What you are asked to do
Take every line from the data that has the word "Видимый" in it.

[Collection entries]

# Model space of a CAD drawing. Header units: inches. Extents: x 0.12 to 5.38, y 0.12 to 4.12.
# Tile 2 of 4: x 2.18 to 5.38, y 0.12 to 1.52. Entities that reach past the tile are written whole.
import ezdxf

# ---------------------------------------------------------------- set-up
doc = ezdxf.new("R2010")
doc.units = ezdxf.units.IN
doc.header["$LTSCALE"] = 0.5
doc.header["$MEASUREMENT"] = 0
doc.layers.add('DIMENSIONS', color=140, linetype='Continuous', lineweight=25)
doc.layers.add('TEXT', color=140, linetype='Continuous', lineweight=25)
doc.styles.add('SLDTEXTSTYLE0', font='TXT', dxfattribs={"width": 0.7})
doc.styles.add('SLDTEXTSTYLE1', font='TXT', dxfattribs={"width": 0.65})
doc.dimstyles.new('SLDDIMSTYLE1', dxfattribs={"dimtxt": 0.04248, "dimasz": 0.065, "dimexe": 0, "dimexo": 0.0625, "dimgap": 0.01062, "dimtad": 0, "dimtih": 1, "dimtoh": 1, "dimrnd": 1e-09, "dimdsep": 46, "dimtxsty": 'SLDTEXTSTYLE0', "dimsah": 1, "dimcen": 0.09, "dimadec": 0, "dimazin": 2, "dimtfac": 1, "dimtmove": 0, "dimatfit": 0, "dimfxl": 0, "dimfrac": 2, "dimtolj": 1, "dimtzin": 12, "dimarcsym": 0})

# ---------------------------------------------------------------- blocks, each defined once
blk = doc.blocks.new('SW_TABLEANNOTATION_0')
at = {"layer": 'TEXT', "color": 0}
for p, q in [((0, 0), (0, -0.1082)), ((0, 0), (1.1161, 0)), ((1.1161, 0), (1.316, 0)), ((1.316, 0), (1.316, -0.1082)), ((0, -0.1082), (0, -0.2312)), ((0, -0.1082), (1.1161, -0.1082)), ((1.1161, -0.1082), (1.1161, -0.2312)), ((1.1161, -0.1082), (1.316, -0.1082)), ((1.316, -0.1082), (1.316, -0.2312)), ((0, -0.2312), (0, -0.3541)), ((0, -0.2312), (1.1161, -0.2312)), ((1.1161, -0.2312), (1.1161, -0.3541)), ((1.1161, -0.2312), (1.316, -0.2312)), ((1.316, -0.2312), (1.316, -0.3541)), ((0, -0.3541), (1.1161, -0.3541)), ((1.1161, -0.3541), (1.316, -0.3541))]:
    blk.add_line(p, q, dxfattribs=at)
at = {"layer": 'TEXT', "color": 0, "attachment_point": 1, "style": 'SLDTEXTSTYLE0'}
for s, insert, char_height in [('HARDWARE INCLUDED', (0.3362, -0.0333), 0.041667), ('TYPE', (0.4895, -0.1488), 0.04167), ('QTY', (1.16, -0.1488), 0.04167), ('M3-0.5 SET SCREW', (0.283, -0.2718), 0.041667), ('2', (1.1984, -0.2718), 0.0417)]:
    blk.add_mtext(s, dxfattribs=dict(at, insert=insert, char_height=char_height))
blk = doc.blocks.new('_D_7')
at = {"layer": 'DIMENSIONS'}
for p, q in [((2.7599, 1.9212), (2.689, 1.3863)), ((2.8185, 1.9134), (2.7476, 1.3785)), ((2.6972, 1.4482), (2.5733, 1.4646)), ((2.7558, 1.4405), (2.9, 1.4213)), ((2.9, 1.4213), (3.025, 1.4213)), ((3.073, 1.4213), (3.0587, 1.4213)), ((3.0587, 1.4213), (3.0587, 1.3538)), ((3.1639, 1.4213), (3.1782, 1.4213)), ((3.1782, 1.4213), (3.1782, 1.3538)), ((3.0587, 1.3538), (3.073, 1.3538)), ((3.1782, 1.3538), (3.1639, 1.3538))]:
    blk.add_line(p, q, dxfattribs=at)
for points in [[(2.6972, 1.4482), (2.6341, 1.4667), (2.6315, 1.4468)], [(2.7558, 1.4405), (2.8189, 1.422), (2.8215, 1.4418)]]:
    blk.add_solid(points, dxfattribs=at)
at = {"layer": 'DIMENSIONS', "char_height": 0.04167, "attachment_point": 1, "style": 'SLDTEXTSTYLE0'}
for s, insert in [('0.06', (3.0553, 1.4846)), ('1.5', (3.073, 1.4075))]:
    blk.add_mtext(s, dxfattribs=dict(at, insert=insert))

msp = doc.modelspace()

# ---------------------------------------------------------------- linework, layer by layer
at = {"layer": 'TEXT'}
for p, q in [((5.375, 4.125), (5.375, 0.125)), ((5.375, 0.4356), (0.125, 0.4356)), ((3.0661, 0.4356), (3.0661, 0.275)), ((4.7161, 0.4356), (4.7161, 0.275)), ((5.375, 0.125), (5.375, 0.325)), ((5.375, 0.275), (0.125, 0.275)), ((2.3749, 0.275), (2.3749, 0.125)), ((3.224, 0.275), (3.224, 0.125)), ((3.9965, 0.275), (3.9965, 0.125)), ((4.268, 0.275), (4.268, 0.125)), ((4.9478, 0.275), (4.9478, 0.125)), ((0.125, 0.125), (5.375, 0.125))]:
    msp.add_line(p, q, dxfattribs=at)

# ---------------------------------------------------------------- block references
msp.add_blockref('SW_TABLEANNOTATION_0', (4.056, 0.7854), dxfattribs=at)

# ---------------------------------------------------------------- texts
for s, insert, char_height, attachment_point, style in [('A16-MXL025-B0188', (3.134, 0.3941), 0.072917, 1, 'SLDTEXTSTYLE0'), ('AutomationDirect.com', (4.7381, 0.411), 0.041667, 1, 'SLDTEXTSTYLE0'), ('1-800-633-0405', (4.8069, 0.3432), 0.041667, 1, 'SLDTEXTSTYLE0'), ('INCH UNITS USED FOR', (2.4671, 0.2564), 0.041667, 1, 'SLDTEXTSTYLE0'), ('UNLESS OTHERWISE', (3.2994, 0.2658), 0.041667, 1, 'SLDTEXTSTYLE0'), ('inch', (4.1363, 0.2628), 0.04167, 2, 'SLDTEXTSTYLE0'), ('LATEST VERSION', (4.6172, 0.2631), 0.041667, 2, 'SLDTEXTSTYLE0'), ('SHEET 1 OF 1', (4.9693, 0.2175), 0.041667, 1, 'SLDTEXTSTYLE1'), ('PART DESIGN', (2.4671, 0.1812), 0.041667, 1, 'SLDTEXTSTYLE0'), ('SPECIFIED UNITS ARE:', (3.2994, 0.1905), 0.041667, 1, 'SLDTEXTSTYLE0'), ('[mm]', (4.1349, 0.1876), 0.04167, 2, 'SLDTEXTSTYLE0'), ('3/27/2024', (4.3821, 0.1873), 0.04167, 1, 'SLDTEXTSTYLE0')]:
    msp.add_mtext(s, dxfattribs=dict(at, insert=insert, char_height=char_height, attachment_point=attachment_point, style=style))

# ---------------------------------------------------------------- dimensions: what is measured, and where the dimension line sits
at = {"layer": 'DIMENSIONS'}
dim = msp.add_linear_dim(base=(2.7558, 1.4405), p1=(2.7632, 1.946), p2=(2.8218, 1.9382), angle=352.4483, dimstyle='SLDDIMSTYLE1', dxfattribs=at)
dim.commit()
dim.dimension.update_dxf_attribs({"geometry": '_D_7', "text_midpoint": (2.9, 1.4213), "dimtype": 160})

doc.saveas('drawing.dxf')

* * *

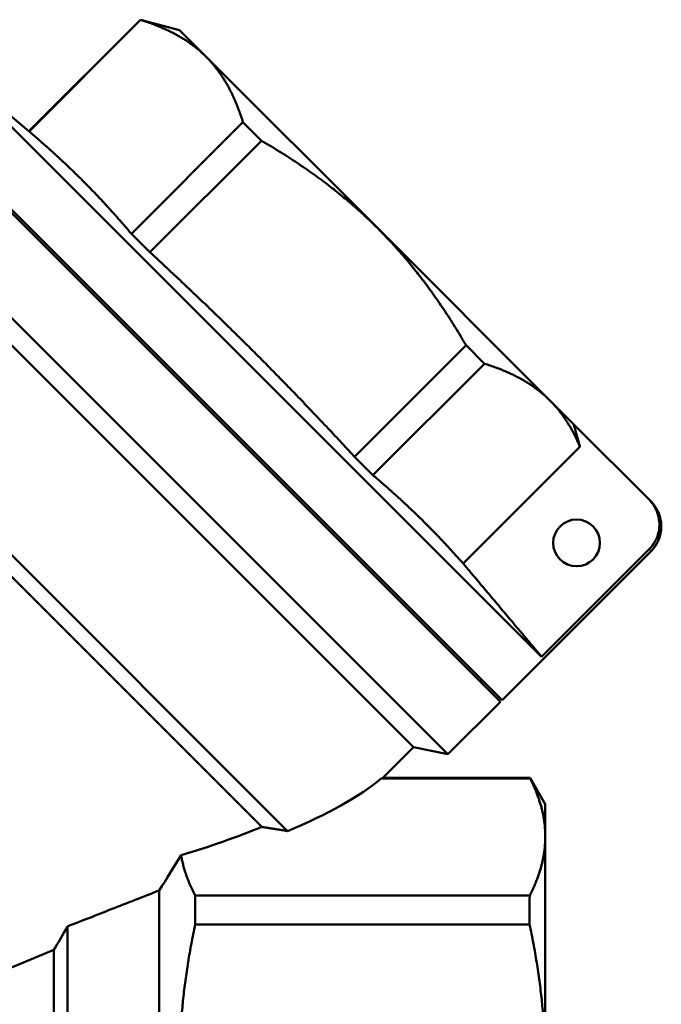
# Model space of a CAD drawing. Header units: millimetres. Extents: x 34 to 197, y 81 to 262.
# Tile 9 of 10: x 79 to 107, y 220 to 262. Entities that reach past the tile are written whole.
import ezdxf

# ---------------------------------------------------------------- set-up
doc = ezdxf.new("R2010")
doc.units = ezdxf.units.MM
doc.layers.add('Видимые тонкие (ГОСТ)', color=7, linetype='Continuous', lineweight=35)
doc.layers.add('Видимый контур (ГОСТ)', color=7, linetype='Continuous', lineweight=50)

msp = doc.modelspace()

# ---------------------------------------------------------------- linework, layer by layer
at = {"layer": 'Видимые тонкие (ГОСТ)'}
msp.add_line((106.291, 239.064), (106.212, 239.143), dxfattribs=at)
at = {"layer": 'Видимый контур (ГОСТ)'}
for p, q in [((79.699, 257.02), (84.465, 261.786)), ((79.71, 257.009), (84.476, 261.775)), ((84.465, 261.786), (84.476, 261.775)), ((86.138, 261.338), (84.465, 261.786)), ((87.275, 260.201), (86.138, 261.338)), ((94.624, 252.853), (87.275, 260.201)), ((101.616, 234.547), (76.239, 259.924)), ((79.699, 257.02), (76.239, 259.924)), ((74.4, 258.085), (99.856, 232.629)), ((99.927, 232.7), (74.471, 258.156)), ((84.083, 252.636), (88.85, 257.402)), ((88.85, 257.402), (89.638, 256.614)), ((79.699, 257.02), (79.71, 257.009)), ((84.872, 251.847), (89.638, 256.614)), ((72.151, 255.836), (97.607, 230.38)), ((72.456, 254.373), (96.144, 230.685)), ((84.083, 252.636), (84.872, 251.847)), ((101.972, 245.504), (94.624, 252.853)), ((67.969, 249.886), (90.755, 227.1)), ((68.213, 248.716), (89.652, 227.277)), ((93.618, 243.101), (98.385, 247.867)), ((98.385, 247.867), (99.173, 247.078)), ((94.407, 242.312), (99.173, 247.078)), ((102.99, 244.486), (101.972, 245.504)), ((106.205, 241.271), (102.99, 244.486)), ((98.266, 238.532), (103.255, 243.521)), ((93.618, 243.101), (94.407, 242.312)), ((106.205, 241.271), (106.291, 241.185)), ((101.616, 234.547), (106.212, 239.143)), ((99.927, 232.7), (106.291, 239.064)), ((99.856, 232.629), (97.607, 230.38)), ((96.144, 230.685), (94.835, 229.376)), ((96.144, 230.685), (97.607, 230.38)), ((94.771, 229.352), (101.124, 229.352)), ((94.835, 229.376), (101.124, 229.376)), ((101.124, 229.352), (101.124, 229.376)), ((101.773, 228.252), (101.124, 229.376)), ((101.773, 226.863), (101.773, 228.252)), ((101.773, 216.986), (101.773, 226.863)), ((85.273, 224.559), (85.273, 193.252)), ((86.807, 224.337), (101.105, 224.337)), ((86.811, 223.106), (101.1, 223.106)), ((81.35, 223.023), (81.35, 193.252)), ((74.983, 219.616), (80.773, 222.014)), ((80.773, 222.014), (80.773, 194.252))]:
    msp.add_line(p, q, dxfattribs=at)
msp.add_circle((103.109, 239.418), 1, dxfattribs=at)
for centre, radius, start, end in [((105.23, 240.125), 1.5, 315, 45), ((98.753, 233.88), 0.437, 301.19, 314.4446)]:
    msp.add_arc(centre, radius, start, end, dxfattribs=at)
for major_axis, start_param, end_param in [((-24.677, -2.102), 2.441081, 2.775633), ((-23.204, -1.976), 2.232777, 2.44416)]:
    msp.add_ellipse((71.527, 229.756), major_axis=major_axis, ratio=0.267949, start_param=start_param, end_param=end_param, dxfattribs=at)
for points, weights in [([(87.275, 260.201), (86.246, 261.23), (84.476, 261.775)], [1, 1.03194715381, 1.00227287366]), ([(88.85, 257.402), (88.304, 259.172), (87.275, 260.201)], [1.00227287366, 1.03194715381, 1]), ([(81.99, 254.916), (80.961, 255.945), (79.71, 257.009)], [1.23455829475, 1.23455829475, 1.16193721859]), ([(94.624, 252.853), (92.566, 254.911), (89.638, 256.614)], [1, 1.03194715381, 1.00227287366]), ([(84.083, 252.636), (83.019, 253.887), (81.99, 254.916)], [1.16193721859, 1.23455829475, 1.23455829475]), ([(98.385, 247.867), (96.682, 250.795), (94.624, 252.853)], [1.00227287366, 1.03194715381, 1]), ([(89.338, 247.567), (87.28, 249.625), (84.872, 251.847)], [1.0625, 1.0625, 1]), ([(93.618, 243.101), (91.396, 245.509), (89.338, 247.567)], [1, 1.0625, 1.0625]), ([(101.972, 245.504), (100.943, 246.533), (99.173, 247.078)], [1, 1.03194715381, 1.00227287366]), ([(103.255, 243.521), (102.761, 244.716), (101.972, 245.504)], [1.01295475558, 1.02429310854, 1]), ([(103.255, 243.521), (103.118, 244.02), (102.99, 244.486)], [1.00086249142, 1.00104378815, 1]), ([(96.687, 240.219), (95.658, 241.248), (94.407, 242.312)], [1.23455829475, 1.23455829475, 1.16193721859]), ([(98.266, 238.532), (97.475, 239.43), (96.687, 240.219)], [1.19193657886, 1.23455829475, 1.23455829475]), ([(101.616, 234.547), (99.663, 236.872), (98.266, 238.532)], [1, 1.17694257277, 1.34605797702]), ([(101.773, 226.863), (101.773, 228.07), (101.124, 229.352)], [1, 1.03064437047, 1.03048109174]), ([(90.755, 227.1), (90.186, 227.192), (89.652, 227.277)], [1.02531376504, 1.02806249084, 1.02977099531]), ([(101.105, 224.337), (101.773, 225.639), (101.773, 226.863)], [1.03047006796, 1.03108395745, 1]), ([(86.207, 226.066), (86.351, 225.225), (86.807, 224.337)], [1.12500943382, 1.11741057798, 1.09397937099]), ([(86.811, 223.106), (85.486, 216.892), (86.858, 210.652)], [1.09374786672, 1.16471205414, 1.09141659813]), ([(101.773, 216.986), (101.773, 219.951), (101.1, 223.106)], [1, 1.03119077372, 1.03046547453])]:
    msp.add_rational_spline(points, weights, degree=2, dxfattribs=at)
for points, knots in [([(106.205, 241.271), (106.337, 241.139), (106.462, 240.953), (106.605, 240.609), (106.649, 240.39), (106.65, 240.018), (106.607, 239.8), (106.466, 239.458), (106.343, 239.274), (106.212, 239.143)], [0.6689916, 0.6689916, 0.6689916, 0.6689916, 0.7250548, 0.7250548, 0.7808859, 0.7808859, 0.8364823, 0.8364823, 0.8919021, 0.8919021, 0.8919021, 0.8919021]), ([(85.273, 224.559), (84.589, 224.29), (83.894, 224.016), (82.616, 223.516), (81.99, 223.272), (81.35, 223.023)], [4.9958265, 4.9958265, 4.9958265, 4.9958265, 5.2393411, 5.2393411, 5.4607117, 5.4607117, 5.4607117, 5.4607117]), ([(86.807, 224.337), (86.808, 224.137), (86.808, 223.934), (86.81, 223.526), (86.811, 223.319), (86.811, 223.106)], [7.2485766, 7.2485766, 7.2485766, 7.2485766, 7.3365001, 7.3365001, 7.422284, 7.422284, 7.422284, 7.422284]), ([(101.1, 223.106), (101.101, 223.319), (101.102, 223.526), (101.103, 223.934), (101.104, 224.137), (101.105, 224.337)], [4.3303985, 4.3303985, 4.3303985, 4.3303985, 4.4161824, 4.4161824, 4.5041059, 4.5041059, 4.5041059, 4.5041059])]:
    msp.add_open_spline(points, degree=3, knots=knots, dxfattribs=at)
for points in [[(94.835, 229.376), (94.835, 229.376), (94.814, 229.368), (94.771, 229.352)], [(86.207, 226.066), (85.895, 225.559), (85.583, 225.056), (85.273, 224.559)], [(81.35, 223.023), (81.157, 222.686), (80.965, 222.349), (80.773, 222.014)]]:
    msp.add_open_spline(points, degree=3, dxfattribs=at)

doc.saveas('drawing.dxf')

Exercise response
doc.layers.add('Видимый контур (ГОСТ)', color=7, linetype='Continuous', lineweight=50)
at = {"layer": 'Видимый контур (ГОСТ)'}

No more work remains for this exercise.